The report, commissioned by a senior city official and set to be submitted to council on Monday, paints a picture of Kelowna police swamped by up to two million visitors who descend on the city of about 132,000 in B.C.'s Southern Interior each summer, testing the abilities of law enforcement.

“This contributes to the already heavy workload of the officers and civilian support staff,” says the report, whose authors include criminologist Curt Griffiths of Simon Fraser University in Vancouver.

The report does not specifically reference sexual-assault cases, but says the under-resourcing in Kelowna “has a significant impact on the ability of the detachment to investigate crime.”

City council on Monday is set to receive a 32-page executive summary of a longer 300-page report that will eventually be made available. Deputy city manager Joe Creron commissioned the report in the spring, and Mr. Griffiths is the lead among four listed authors.

The report recommends the city hire 56 Mounties and an additional 28 civilian staff over the next five years. Mr. Creron said there are now about 200 officers and 75 civilians in the RCMP detachment.
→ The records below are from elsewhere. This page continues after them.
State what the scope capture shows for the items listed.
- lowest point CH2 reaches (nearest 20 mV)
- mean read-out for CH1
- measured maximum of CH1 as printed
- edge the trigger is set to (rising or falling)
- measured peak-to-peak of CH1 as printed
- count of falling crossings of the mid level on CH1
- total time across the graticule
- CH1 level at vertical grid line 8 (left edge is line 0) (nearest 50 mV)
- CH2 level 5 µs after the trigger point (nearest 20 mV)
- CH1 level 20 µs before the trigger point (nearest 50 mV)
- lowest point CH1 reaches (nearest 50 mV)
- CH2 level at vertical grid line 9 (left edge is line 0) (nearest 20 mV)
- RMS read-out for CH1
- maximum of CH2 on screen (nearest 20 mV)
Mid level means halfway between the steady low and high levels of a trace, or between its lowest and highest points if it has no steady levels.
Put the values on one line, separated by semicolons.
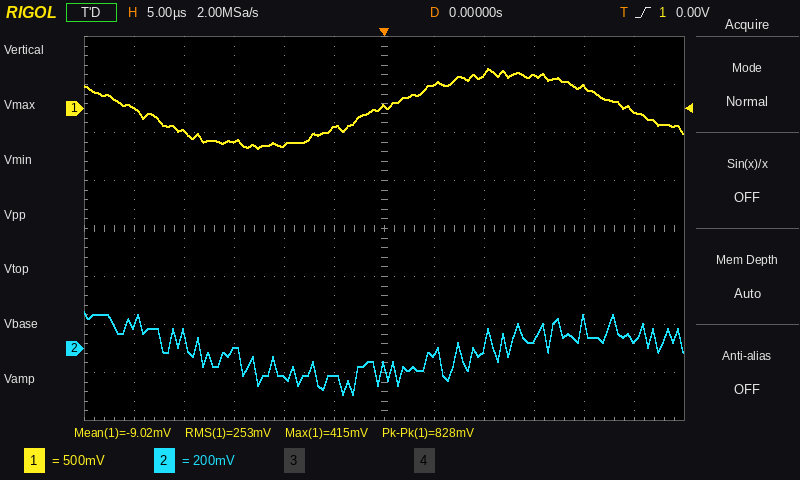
-200 mV; -9.02 mV; 415 mV; rising; 828 mV; 2; 60 µs; 350 mV; -20 mV; -250 mV; -400 mV; 40 mV; 253 mV; 160 mV
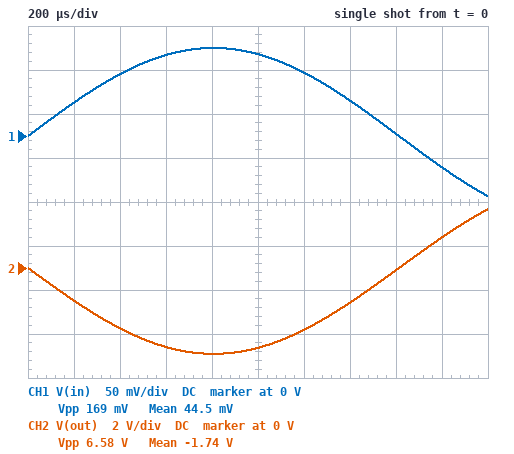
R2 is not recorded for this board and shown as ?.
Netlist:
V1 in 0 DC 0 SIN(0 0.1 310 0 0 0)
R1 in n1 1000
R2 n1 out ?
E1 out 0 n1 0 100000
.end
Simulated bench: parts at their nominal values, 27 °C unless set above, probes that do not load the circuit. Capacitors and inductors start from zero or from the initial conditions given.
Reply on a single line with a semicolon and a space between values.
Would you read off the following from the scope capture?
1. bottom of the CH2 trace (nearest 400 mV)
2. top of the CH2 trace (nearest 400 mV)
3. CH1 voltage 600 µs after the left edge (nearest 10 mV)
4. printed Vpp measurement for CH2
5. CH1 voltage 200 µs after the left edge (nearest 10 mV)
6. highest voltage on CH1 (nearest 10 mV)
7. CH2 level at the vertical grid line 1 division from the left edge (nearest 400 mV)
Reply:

The release of the report comes amid recent RCMP disclosures that almost 40 per cent of sexual-assault complaints made to the local detachment are dismissed as unfounded, a rate three-times higher than the national average.

The Kelowna detachment has said B.C. RCMP have been unable to explain the high unfounded numbers and requested the RCMP’s national sexual-assault review team examine the 2018 and 2019 unfounded files.
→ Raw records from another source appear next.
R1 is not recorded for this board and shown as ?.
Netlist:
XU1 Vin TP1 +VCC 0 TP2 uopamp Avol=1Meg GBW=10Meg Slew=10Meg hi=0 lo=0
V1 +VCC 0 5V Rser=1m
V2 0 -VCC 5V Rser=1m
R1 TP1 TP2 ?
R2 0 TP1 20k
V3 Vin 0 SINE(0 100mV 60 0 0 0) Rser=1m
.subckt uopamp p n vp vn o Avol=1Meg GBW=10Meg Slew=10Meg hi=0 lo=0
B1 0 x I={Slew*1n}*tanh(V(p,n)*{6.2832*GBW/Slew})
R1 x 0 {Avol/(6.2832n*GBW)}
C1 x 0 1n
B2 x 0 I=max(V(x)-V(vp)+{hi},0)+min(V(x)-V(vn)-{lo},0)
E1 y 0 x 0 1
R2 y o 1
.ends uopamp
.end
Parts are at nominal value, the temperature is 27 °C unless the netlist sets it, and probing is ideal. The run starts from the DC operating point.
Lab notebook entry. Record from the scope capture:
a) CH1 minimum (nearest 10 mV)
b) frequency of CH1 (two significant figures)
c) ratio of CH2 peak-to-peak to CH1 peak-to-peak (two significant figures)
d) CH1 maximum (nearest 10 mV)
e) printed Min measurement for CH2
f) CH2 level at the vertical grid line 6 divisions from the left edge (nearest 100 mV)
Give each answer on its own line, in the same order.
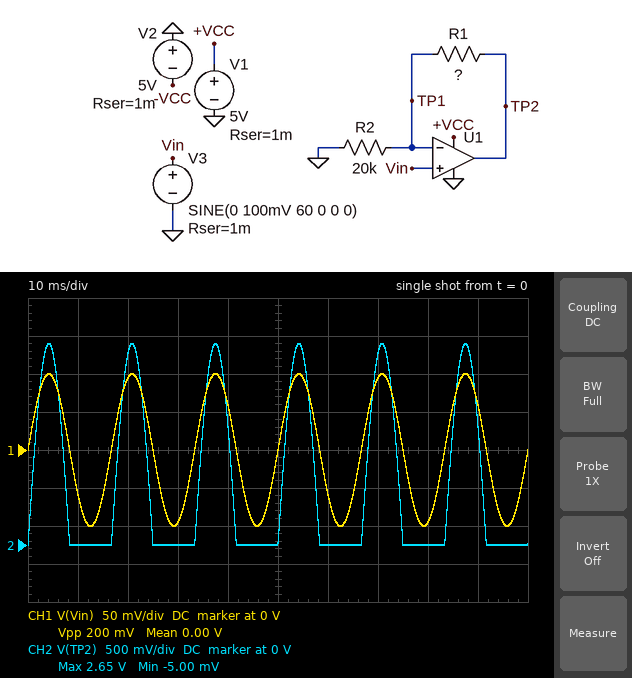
-100 mV
60 Hz
13
100 mV
-5.00 mV
0 V
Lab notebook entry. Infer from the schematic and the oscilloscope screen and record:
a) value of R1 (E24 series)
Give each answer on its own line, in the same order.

510 kΩ

The team was formed to review RCMP sexual-assault files after the 2017 publication of The Globe and Mail’s award-winning Unfounded investigative series, which found sexual-assault complaints twice as likely to be dismissed as unfounded as complaints in other assault cases.
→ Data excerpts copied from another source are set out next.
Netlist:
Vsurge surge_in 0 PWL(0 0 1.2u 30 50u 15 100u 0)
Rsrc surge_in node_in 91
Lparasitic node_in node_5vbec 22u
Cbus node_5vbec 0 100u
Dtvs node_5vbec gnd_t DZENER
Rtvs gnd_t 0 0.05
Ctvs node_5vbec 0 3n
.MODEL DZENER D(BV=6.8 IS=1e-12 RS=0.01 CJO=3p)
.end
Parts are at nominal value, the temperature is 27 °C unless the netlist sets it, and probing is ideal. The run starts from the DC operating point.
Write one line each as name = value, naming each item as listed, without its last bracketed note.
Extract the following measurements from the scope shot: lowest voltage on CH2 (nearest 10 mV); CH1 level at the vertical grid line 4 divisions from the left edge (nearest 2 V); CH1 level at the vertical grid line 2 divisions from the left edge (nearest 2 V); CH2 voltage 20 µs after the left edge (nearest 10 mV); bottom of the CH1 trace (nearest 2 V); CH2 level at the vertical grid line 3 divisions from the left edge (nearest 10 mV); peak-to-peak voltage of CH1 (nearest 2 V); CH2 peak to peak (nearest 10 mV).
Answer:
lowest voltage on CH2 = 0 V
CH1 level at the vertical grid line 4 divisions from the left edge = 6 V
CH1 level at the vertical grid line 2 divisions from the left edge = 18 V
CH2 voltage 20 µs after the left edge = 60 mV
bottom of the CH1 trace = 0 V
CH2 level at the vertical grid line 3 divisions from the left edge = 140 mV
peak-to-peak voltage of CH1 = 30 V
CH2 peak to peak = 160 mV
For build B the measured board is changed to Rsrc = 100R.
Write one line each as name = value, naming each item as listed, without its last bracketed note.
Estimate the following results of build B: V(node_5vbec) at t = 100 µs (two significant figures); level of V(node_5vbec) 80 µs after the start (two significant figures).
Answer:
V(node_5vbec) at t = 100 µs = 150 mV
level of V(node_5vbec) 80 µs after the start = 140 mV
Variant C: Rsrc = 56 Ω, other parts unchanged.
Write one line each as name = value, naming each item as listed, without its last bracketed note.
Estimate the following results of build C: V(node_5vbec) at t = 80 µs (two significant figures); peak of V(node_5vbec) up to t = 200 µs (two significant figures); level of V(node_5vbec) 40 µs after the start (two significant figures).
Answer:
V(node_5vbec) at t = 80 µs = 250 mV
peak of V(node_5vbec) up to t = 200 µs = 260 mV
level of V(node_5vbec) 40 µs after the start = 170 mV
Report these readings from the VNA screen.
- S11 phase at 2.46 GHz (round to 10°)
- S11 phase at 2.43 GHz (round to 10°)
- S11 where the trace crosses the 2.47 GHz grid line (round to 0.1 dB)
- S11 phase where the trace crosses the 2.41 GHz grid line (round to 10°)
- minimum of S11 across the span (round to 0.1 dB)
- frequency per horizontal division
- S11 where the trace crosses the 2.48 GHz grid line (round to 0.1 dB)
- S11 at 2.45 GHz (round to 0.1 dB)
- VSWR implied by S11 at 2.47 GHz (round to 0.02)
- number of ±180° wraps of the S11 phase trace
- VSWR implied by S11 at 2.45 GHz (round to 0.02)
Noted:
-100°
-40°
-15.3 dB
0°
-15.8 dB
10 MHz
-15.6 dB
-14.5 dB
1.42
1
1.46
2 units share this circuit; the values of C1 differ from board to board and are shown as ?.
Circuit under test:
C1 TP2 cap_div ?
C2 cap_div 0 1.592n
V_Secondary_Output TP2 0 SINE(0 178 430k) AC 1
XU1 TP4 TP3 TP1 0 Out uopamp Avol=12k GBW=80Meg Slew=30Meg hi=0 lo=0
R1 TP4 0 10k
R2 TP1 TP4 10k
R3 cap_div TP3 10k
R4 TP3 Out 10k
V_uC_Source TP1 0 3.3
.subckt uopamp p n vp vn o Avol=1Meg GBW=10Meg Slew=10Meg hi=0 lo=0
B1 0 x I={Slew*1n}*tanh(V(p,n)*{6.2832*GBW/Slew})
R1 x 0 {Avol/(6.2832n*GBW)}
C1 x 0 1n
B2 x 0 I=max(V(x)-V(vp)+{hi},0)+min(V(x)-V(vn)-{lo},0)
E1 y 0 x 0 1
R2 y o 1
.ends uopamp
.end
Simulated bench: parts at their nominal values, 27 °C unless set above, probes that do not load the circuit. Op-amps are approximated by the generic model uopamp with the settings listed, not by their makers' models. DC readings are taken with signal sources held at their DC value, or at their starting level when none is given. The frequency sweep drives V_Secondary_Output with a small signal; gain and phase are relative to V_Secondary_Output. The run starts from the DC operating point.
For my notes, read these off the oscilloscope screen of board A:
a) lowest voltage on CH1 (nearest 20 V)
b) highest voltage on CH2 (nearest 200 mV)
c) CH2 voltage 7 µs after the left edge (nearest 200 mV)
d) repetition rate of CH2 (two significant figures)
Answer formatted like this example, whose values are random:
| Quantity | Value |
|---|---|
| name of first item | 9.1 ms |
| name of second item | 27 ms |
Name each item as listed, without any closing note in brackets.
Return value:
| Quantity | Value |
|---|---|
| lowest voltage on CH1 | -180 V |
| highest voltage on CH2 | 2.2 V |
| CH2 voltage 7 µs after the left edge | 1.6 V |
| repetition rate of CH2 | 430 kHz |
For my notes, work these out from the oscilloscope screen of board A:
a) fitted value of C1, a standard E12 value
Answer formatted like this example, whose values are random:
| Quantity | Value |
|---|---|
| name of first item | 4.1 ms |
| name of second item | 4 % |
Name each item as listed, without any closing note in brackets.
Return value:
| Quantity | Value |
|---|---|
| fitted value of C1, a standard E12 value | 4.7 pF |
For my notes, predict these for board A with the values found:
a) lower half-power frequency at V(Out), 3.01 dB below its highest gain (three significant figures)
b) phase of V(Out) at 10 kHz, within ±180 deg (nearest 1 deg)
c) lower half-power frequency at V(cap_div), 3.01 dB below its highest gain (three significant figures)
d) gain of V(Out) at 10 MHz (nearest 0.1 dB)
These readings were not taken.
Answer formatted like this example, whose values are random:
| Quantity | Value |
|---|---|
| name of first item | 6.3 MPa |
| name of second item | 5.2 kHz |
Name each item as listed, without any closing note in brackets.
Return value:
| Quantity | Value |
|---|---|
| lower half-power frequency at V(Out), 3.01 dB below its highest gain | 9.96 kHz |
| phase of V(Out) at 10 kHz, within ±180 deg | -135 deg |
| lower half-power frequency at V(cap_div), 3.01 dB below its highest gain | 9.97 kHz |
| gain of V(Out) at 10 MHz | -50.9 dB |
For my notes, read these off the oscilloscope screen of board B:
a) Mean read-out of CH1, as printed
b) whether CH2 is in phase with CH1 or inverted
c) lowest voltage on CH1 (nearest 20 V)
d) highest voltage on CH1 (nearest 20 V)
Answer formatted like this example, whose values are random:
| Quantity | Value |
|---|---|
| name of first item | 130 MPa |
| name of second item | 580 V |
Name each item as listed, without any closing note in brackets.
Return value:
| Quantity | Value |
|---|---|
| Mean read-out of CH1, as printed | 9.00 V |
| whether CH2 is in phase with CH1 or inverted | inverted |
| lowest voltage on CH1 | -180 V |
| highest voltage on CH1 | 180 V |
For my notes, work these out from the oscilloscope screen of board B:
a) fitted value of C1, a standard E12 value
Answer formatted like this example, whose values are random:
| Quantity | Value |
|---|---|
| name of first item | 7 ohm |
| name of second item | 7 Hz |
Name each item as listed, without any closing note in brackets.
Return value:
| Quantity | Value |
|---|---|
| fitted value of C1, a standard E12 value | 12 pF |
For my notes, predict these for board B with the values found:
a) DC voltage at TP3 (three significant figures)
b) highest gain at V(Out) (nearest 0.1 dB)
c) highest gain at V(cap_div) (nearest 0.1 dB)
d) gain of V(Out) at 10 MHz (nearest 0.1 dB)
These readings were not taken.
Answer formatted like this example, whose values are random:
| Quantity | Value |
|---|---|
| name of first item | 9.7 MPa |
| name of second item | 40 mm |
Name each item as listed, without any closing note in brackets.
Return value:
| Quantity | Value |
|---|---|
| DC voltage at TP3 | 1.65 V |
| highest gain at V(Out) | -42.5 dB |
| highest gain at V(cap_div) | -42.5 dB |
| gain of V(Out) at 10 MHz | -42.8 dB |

Statistics Canada has reported the rate of sexual assaults deemed unfounded by the RCMP in Kelowna was 37 per cent in 2018. The agency said in July that, nationally, 11 per cent of sexual-assault cases reported to police had this classification in 2018, down from 14 per cent in 2017.

The Kelowna Mounties said that in 2018, they received 82 reports of sexual assault, and deemed 30 cases unfounded after investigations were completed.

Mr. Creron said the report was commissioned and prepared far ahead of the latest disclosures on unfounded rates in sexual assaults. “At this point, it’s very coincidental,” he said.

However, he added that Mr. Griffiths, the report co-author, has told him that the detachment doesn’t have enough general staff in the investigations unit.

“What ends up happening is that general duty carries too many files," Mr. Creron said. "Some of these files are very sophisticated, very difficult, very complex and they shouldn’t be handling those types of files.”

Mr. Griffiths did not respond to an e-mail seeking comment.

Still, Mr. Creron said he is awaiting the RCMP’s report on the unfounded situation for further information.

Michelle Novakowski, executive director of the Central Okanagan Elizabeth Fry Society, which advocates for women in the criminal justice system, said the report validates some of her organization’s concerns about sexual-assault cases, particularly about the way investigations are handled by the detachment.

RCMP Corporal Meghan Foster said the Mounties would not have any comment before the release of the full 300-page consultant’s report. Mr. Creron said he has not yet had an opportunity to read that report.

The superintendent for the RCMP detachment is expected at Monday’s council meeting as well as Mr. Griffiths.